Henry Wade, Dist. Atty., Robert M. Hill, Dallas, Waggoner Carr, Atty. Gen., Mary K. Wall, Asst. Atty. Gen., Austin, for respondents.

DIXON, Chief Justice.

On July 12, 1966 Relators Jerry Donald, Stan Bynum, Bill Cherry, Suzanne Lytton and Howard Lydick filed their 'First Amended Original Petition for Declaratory Judgment on Aritcle 13.09 of the Texas Election Code, V.A.C.S. 1 and for Writs of Injunction and Mandamus.' Relator Lydick is an attorney and represents all the Relators.

The Respondents are Waggoner Carr, Attorney General of Texas; Henry Wade, District Attorney of Dallas County; Tom Ellis, County Clerk of Dallas County; and John Leedom, Chairman of the Dallas County Republican Executive Committee.

Relators' petition sworn to by Attorney Lydick, alleges that Relators are citizens of the State of Texas and of the United States; that they are qualified voters under the laws and Constitution of the state; that they voted in the Republican Party Primary Election held on May 7, 1966; and that at that time they wrote in the titles of five offices not printed on the Primary ballot and the name of a qualified person for each office, said offices being Treasurer of Dallas County and Places Three, Nine, Thirteen and Fourteen of the Texas House of Representatives.

They further allege that the above mentioned votes were not counted by the Chairman of the Republican County Executive Committee and were not reported to the Committee because to do so would violate Article 13.09 of the Election Code, V.A.C.S.; that said statute violates their rights under Article 1, Sections 2, 3 and 19 of the Vernon's Ann.St. Constitution of Texas and the 14th Amendment to the Constitution of the United States; 2 that in practical effect the statute--Article 13.09 of the Election Code--applies only to the Republican Party; and the statute is an attempt to disfranchise the Republican voters of Texas and is an attempt by the Legislature to exercise power not granted to it.

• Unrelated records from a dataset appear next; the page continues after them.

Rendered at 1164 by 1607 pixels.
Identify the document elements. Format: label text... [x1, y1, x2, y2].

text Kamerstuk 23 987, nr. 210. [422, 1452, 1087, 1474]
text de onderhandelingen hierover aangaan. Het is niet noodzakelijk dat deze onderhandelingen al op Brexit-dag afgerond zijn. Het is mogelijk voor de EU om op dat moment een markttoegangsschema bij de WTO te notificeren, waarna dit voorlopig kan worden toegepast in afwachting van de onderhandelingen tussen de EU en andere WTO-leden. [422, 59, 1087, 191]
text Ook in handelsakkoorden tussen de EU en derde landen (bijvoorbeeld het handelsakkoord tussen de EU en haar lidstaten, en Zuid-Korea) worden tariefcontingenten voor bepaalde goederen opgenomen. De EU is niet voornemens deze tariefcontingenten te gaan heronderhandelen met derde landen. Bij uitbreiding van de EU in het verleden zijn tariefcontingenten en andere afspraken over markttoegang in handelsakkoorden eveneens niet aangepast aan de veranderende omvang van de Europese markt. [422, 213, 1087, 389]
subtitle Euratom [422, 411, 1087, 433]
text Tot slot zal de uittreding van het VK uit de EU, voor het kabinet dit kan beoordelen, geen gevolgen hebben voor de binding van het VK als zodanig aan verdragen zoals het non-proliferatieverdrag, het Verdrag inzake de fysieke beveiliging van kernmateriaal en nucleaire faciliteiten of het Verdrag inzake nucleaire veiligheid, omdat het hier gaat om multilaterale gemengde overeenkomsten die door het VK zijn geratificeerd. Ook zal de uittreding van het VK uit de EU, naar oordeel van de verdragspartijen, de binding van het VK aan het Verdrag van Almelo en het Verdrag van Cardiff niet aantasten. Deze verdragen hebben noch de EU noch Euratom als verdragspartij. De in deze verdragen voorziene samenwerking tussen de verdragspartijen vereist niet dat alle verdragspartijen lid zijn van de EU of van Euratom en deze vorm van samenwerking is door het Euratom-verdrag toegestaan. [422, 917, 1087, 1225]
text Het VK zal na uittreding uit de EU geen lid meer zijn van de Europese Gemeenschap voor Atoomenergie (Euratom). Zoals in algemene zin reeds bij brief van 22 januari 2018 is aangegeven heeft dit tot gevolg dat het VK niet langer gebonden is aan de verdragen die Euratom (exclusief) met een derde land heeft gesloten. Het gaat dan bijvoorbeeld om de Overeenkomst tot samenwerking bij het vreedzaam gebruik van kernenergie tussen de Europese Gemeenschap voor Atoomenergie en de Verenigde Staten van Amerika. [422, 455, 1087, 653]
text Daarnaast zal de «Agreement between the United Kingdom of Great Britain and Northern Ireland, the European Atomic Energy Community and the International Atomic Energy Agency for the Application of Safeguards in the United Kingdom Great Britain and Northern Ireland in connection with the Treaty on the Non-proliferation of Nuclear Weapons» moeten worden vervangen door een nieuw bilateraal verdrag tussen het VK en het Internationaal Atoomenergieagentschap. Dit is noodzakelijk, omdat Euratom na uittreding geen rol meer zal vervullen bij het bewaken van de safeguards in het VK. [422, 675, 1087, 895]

Relators say that we have original jurisdiction to hear and grant their petition by virtue of Art. 1735a and Art. 2524--1, Sec. 1, Vernon's Ann.Civ.St. 3

Relators pray that we declare Article 13.09 of the Election Code unconstitutional that we issue an injunction against the County Clerk of Dallas County forbidding him to destroy the ballots cast in the Republican Primary Election of May 7, 1966; that we issue injunctions against the Attorney General of Texas and the District Attorney of Dallas County forbidding them to enforce Article 13.09; and that we issue a writ of mandamus against John Leedom, Chairman of the Executive Committee ordering him to count all votes cast in the Republican Primary Election of May 7, 1966 for the five offices heretofore mentioned.

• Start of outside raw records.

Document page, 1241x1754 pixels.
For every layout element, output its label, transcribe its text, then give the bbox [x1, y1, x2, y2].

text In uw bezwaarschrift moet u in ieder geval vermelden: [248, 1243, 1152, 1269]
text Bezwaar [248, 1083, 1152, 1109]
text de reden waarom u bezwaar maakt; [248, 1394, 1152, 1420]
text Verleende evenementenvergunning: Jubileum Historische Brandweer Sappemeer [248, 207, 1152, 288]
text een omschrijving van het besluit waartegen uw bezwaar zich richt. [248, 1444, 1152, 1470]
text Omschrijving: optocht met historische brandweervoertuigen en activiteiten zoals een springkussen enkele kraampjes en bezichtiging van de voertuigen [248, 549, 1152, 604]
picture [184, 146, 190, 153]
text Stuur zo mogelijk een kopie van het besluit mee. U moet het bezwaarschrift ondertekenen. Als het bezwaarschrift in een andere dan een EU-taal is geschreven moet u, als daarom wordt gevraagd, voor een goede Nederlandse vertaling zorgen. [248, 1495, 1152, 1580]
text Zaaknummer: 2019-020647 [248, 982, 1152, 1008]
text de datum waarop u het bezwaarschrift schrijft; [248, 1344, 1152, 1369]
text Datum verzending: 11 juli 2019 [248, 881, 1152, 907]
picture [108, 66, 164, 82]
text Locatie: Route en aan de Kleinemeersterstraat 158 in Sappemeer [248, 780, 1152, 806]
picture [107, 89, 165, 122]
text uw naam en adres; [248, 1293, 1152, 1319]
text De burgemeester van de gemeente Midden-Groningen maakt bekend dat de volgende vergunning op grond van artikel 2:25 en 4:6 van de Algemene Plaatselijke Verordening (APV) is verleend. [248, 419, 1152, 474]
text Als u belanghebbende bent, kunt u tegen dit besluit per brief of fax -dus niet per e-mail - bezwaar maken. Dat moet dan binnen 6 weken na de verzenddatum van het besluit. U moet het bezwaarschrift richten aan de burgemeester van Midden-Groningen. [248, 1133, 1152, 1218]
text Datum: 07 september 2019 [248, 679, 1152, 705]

We issued temporary ex parte restraining orders as prayed, and set Relators' petition for submission and oral argument on its merits on July 20, 1966.

In his written reply, John Leedom, County Republican Chairman, files (1) a plea to the jurisdiction; (2) a plea in abatement; (3) a plea in bar; (4) exceptions to the sufficiency of the affidavit of Relator Lydick; (5) a general denial; and (6) an answer setting up certain defenses to the issuance of a writ of mandamus. Attached to his pleading is an affidavit by Leedom as to certain facts.

The County Clerk filed an answer stating that the ballots in his possession would be held pending determination of Relators' petition . The other Respondents filed answers in which some of the pleas of the County Chairman were duplicated. An Amicus curiae brief was filed by Douglas Bergman. All of the Respondents and the Amicus curiae contend that Article 13.09 of the Election Code is not unconstitutional.

We sustain the plea to the jurisdiction of Respondent Leedom for these reasons:

1. Being an appellate court we do not have authority to render declaratory judgments. It has been so held in Texas and other jurisdictions. Parr v. State, 293 S.W.2d 280 (Tex.Civ.App.); Walz v . Northcutt, 278 Ky. 616, 129 S.W.2d 124; State ex rel. Wulfing v. Mooney, 362 Mo. 1128, 247 S.W.2d 722; Bank of Yorktown v. Boland, 259 App.Div. 987, 20 N.Y.S.2d 1017, affd. 284 N.Y. 749, 31 N.E.2d 510; Dyar v. Bingham, 100 Ohio App. 304, 136 N.E.2d 444. Relators have not cited us to an instance of a declaratory judgment where the suit did not originate in a trial court.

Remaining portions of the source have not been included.